**TO DO**
Below is a listing; retype exactly the lines between the one containing "2. metal rod from (6, 79) to (227, 230)" and the one containing "I'm after the", inclusive, minus the pictures.

--------------------

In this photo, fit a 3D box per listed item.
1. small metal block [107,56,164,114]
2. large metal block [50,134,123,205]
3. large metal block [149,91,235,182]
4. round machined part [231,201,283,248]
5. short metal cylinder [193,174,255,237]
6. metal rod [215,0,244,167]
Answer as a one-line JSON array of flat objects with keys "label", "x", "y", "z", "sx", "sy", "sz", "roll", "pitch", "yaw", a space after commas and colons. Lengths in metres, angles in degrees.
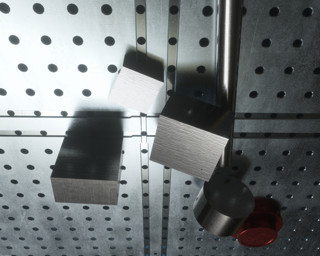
[{"label": "small metal block", "x": -0.029, "y": -0.050, "z": 0.369, "sx": 0.050, "sy": 0.025, "sz": 0.050, "roll": 20, "pitch": 127, "yaw": -16}, {"label": "large metal block", "x": -0.094, "y": 0.055, "z": 0.422, "sx": 0.081, "sy": 0.080, "sz": 0.050, "roll": 4, "pitch": 130, "yaw": -4}, {"label": "large metal block", "x": 0.038, "y": 0.011, "z": 0.388, "sx": 0.080, "sy": 0.050, "sz": 0.079, "roll": 20, "pitch": 133, "yaw": 6}, {"label": "round machined part", "x": 0.170, "y": 0.177, "z": 0.553, "sx": 0.099, "sy": 0.042, "sz": 0.097, "roll": 0, "pitch": 130, "yaw": 0}, {"label": "short metal cylinder", "x": 0.097, "y": 0.118, "z": 0.477, "sx": 0.081, "sy": 0.080, "sz": 0.050, "roll": 10, "pitch": 129, "yaw": -9}, {"label": "metal rod", "x": 0.077, "y": -0.065, "z": 0.356, "sx": 0.025, "sy": 0.025, "sz": 0.298, "roll": -4, "pitch": 130, "yaw": 3}]
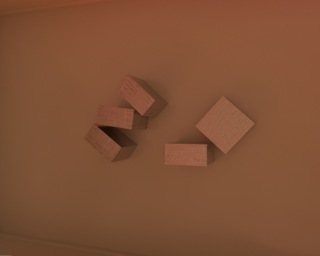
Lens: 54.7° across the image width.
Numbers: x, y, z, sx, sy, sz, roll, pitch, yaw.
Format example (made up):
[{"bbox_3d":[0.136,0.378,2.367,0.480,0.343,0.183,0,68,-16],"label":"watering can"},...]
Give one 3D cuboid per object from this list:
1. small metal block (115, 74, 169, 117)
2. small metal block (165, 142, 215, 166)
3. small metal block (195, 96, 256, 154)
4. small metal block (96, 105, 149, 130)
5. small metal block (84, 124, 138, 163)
[{"bbox_3d":[-0.022,-0.041,0.405,0.050,0.050,0.025,44,104,14],"label":"small metal block"},{"bbox_3d":[0.038,0.031,0.384,0.050,0.050,0.025,0,90,20],"label":"small metal block"},{"bbox_3d":[0.081,-0.004,0.382,0.050,0.025,0.050,44,104,14],"label":"small metal block"},{"bbox_3d":[-0.048,-0.014,0.414,0.050,0.050,0.025,9,93,20],"label":"small metal block"},{"bbox_3d":[-0.065,0.019,0.420,0.050,0.050,0.025,39,103,16],"label":"small metal block"}]
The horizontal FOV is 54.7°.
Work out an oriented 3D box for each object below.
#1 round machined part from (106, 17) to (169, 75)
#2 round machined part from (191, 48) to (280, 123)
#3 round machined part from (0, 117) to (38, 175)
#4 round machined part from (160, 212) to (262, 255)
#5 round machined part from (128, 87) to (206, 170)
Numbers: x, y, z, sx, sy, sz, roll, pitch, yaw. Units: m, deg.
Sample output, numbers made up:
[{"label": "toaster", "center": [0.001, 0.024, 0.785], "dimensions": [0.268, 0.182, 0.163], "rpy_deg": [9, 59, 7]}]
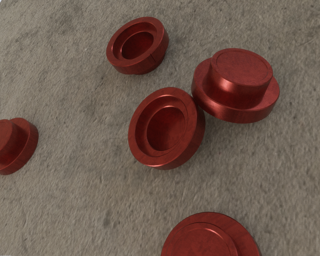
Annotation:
[{"label": "round machined part", "center": [-0.031, -0.122, 0.482], "dimensions": [0.098, 0.042, 0.098], "rpy_deg": [-13, 56, 20]}, {"label": "round machined part", "center": [0.088, -0.054, 0.352], "dimensions": [0.099, 0.042, 0.098], "rpy_deg": [4, 48, -4]}, {"label": "round machined part", "center": [-0.254, 0.024, 0.508], "dimensions": [0.098, 0.042, 0.098], "rpy_deg": [-13, 56, 20]}, {"label": "round machined part", "center": [0.044, 0.127, 0.291], "dimensions": [0.098, 0.042, 0.098], "rpy_deg": [-13, 56, 20]}, {"label": "round machined part", "center": [0.012, 0.003, 0.375], "dimensions": [0.098, 0.042, 0.098], "rpy_deg": [-16, 62, 32]}]
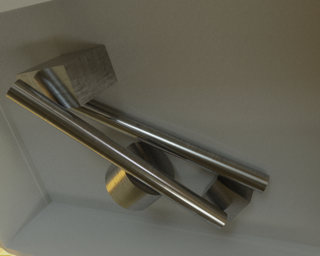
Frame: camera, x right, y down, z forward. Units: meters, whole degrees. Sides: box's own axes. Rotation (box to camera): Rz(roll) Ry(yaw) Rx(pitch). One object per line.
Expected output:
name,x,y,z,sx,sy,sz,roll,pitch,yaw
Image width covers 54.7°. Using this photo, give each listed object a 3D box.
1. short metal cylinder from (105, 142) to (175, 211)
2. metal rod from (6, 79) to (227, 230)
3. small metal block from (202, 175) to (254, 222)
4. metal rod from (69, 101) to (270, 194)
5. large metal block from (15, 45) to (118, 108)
short metal cylinder,-0.027,0.066,0.424,0.080,0.080,0.050,42,129,-2
metal rod,-0.042,0.038,0.376,0.301,0.025,0.025,34,130,-11
small metal block,0.088,0.091,0.416,0.050,0.025,0.050,33,129,6
metal rod,-0.005,0.014,0.417,0.301,0.025,0.025,23,127,14
large metal block,-0.115,-0.063,0.392,0.080,0.080,0.050,-4,117,29
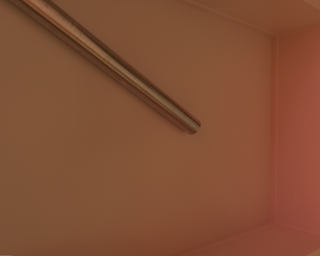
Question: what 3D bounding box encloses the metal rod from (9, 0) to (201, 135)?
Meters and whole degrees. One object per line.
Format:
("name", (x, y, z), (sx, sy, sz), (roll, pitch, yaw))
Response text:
("metal rod", (-0.053, -0.073, 0.360), (0.301, 0.025, 0.025), (35, 68, -34))
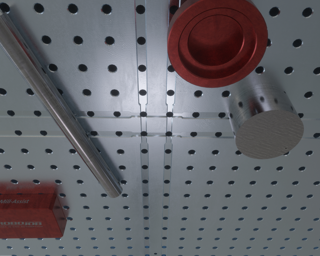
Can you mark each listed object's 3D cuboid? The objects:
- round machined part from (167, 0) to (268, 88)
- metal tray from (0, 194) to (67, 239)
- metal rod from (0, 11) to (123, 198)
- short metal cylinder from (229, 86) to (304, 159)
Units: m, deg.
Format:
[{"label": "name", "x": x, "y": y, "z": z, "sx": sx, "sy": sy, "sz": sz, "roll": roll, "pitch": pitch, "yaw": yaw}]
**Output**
[{"label": "round machined part", "x": 0.057, "y": -0.094, "z": 0.321, "sx": 0.099, "sy": 0.042, "sz": 0.097, "roll": 0, "pitch": 130, "yaw": 0}, {"label": "metal tray", "x": -0.239, "y": 0.155, "z": 0.538, "sx": 0.131, "sy": 0.030, "sz": 0.089, "roll": -1, "pitch": 130, "yaw": 0}, {"label": "metal rod", "x": -0.120, "y": -0.005, "z": 0.405, "sx": 0.025, "sy": 0.025, "sz": 0.299, "roll": -15, "pitch": 129, "yaw": 12}, {"label": "short metal cylinder", "x": 0.131, "y": -0.006, "z": 0.391, "sx": 0.081, "sy": 0.050, "sz": 0.079, "roll": 0, "pitch": 130, "yaw": 0}]
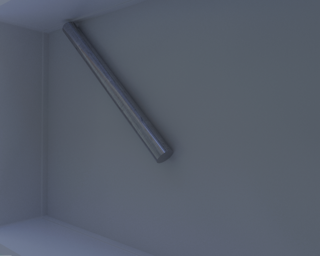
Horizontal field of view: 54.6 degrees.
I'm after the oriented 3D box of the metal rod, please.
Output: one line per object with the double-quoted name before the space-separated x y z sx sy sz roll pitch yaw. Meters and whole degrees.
"metal rod" -0.075 -0.068 0.470 0.300 0.025 0.025 52 121 27
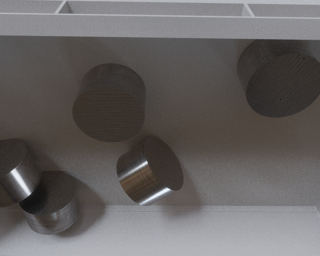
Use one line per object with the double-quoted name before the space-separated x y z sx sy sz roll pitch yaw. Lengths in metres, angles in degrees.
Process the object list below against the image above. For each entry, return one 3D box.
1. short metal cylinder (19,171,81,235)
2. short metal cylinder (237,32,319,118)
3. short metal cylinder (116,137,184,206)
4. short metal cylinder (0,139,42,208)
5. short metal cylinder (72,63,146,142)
"short metal cylinder" -0.164 0.111 0.466 0.081 0.080 0.050 1 130 -1
"short metal cylinder" 0.131 -0.058 0.344 0.081 0.050 0.079 0 130 0
"short metal cylinder" -0.012 0.059 0.423 0.050 0.080 0.080 -34 123 25
"short metal cylinder" -0.212 0.060 0.422 0.080 0.080 0.050 -7 130 6
"short metal cylinder" -0.058 -0.029 0.367 0.081 0.050 0.079 0 130 0
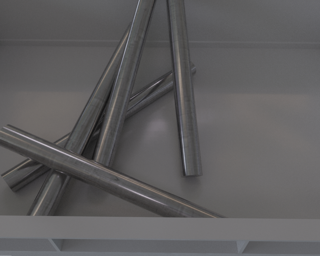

--------------------

**WRITTEN SOLUTION**
2. metal rod from (6, 79) to (227, 230)
3. small metal block from (202, 175) to (254, 222)
4. metal rod from (69, 101) to (270, 194)
5. large metal block from (15, 45) to (118, 108)
short metal cylinder,-0.027,0.066,0.424,0.080,0.080,0.050,42,129,-2
metal rod,-0.042,0.038,0.376,0.301,0.025,0.025,34,130,-11
small metal block,0.088,0.091,0.416,0.050,0.025,0.050,33,129,6
metal rod,-0.005,0.014,0.417,0.301,0.025,0.025,23,127,14
large metal block,-0.115,-0.063,0.392,0.080,0.080,0.050,-4,117,29
Question: what 3D bounding box encloses the metal rod from (9, 0) to (201, 135)?
Meters and whole degrees. One object per line.
Format:
("name", (x, y, z), (sx, sy, sz), (roll, pitch, yaw))
Response text:
("metal rod", (-0.053, -0.073, 0.360), (0.301, 0.025, 0.025), (35, 68, -34))
Can you mark each listed object's 3D cuboid? The objects:
- round machined part from (167, 0) to (268, 88)
- metal tray from (0, 194) to (67, 239)
- metal rod from (0, 11) to (123, 198)
- short metal cylinder from (229, 86) to (304, 159)
Units: m, deg.
Format:
[{"label": "name", "x": x, "y": y, "z": z, "sx": sx, "sy": sy, "sz": sz, "roll": roll, "pitch": pitch, "yaw": yaw}]
**Output**
[{"label": "round machined part", "x": 0.057, "y": -0.094, "z": 0.321, "sx": 0.099, "sy": 0.042, "sz": 0.097, "roll": 0, "pitch": 130, "yaw": 0}, {"label": "metal tray", "x": -0.239, "y": 0.155, "z": 0.538, "sx": 0.131, "sy": 0.030, "sz": 0.089, "roll": -1, "pitch": 130, "yaw": 0}, {"label": "metal rod", "x": -0.120, "y": -0.005, "z": 0.405, "sx": 0.025, "sy": 0.025, "sz": 0.299, "roll": -15, "pitch": 129, "yaw": 12}, {"label": "short metal cylinder", "x": 0.131, "y": -0.006, "z": 0.391, "sx": 0.081, "sy": 0.050, "sz": 0.079, "roll": 0, "pitch": 130, "yaw": 0}]
Horizontal field of view: 54.6 degrees.
I'm after the oriented 3D box of the metal rod, please.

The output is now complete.